Provided material:
--- START ---

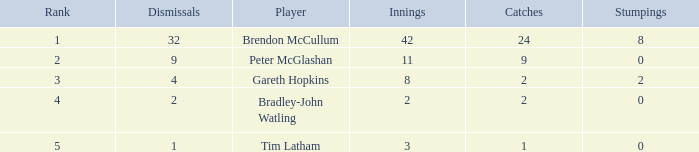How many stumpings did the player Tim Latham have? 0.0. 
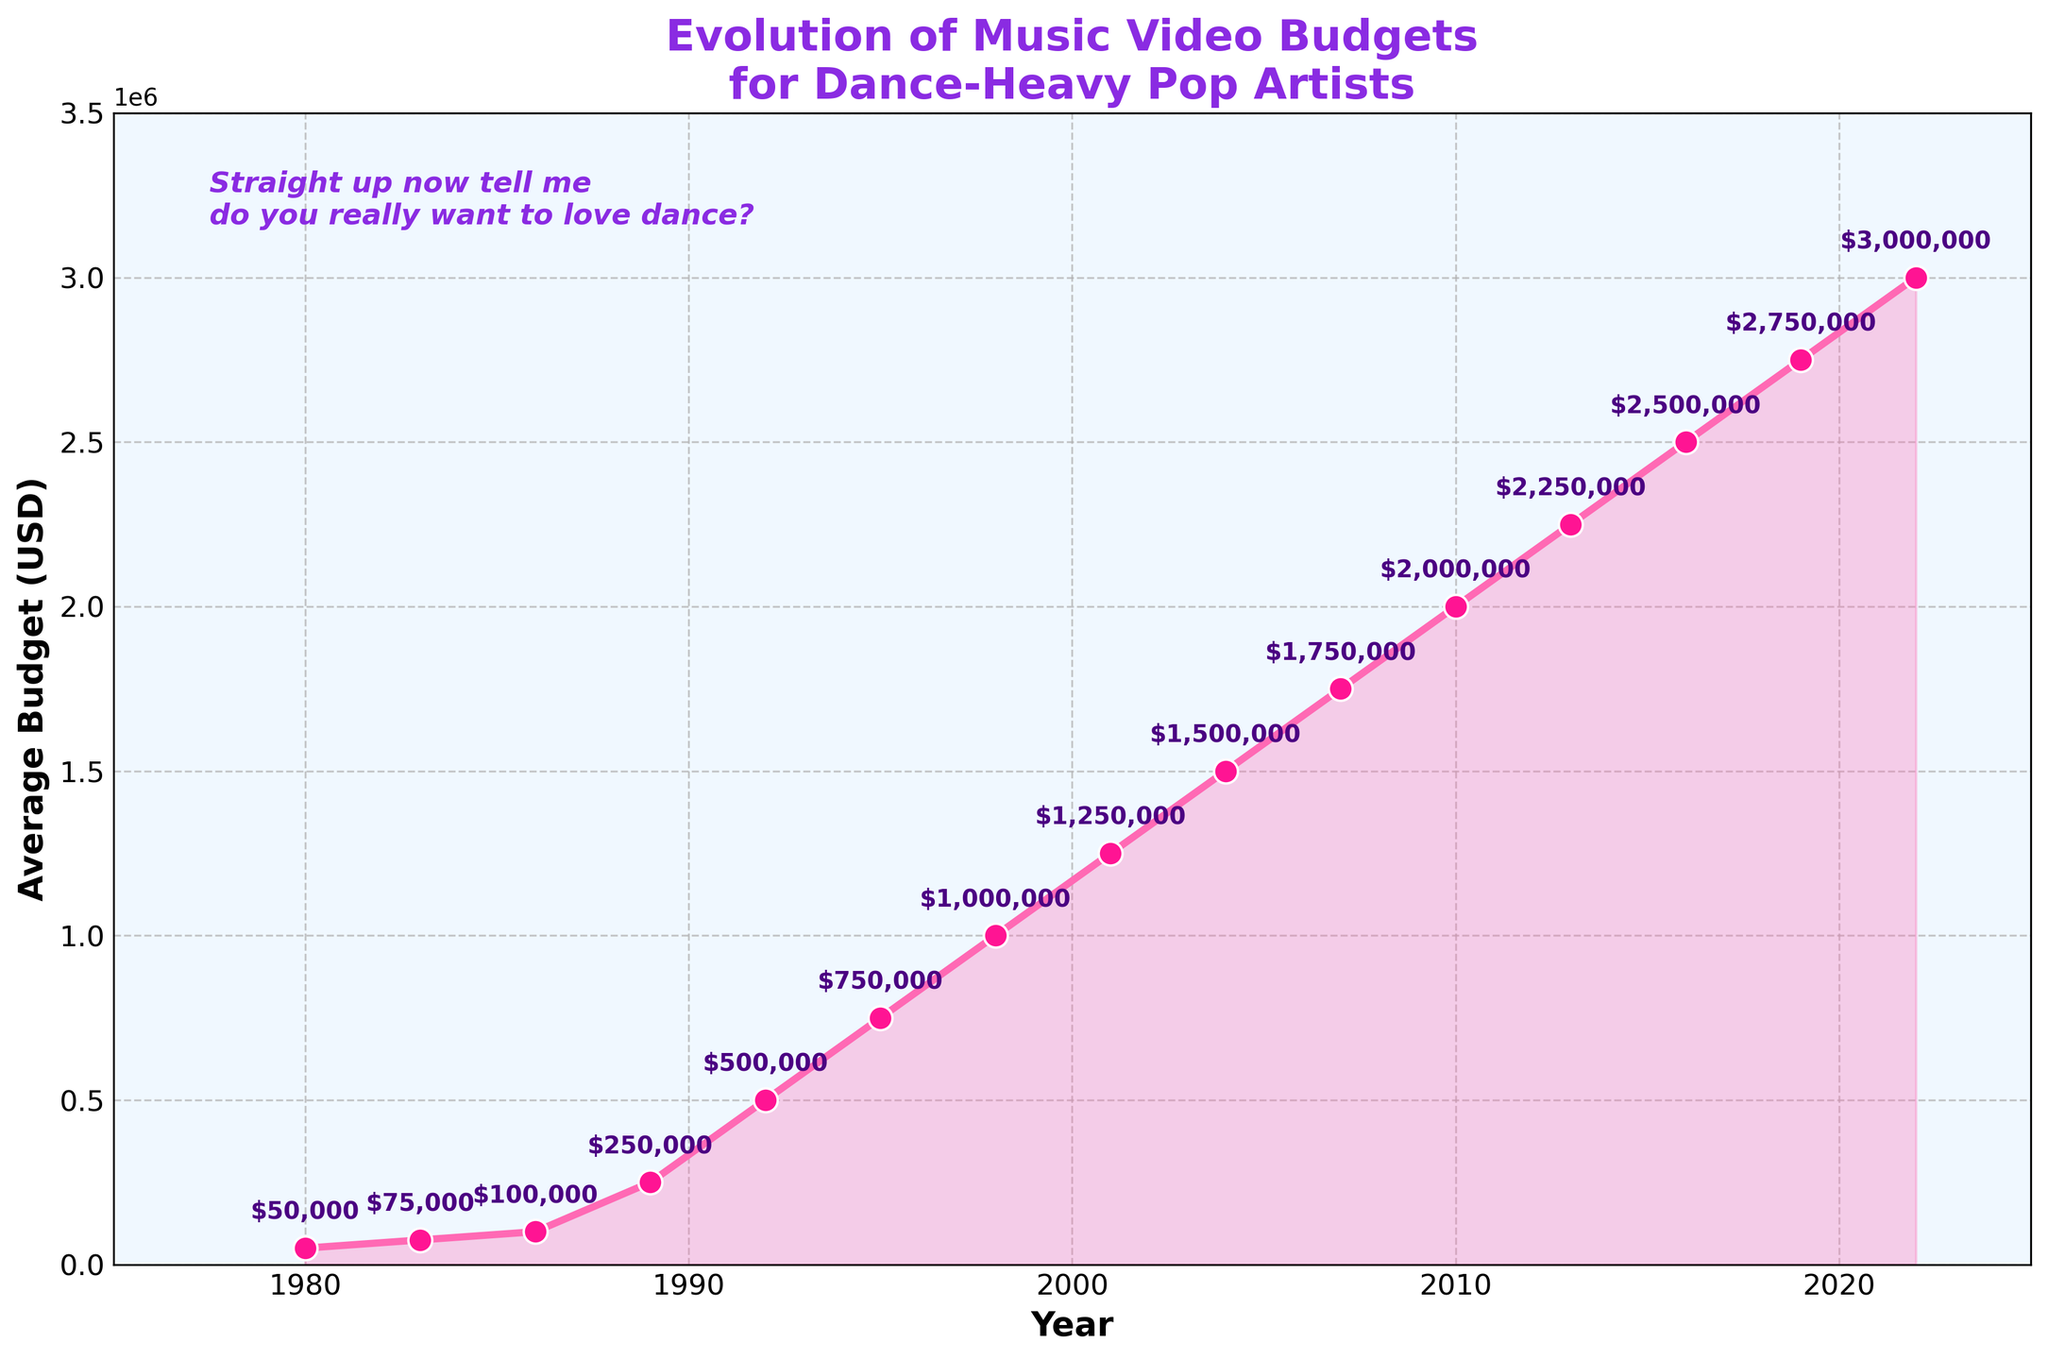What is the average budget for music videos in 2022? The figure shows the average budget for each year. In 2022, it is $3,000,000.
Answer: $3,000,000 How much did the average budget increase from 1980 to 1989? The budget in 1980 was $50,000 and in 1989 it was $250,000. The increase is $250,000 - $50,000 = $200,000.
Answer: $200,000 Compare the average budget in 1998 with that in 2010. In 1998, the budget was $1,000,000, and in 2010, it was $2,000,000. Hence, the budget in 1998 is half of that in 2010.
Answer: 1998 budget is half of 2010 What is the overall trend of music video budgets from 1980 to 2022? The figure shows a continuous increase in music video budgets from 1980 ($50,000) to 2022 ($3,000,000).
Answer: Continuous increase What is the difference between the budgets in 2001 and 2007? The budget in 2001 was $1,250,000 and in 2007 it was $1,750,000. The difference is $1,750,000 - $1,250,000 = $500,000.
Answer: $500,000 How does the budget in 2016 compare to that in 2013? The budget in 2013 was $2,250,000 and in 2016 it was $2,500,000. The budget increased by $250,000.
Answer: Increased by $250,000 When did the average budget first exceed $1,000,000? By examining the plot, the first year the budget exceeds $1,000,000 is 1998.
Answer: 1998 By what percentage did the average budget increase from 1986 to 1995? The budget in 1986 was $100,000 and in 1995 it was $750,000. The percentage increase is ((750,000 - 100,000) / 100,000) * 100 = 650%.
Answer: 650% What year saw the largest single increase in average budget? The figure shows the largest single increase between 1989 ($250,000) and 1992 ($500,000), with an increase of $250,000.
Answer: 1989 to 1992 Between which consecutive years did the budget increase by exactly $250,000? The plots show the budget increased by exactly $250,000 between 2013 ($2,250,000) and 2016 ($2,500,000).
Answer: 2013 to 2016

--- END ---
--- START ---

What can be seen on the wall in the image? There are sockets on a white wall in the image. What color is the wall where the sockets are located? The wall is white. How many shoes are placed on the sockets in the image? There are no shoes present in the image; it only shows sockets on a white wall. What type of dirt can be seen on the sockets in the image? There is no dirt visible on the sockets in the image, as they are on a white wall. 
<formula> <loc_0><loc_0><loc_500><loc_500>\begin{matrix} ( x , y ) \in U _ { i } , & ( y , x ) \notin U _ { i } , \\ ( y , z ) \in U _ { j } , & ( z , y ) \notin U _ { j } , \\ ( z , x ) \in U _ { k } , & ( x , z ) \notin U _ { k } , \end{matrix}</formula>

--- END ---

Only lines that contain "with" are needed, so copy each of them from the data.

Written solution:
Answer: $200,000 Compare the average budget in 1998 with that in 2010. In 1998, the budget was $1,000,000, and in 2010, it was $2,000,000. Hence, the budget in 1998 is half of that in 2010.
Answer: 650% What year saw the largest single increase in average budget? The figure shows the largest single increase between 1989 ($250,000) and 1992 ($500,000), with an increase of $250,000.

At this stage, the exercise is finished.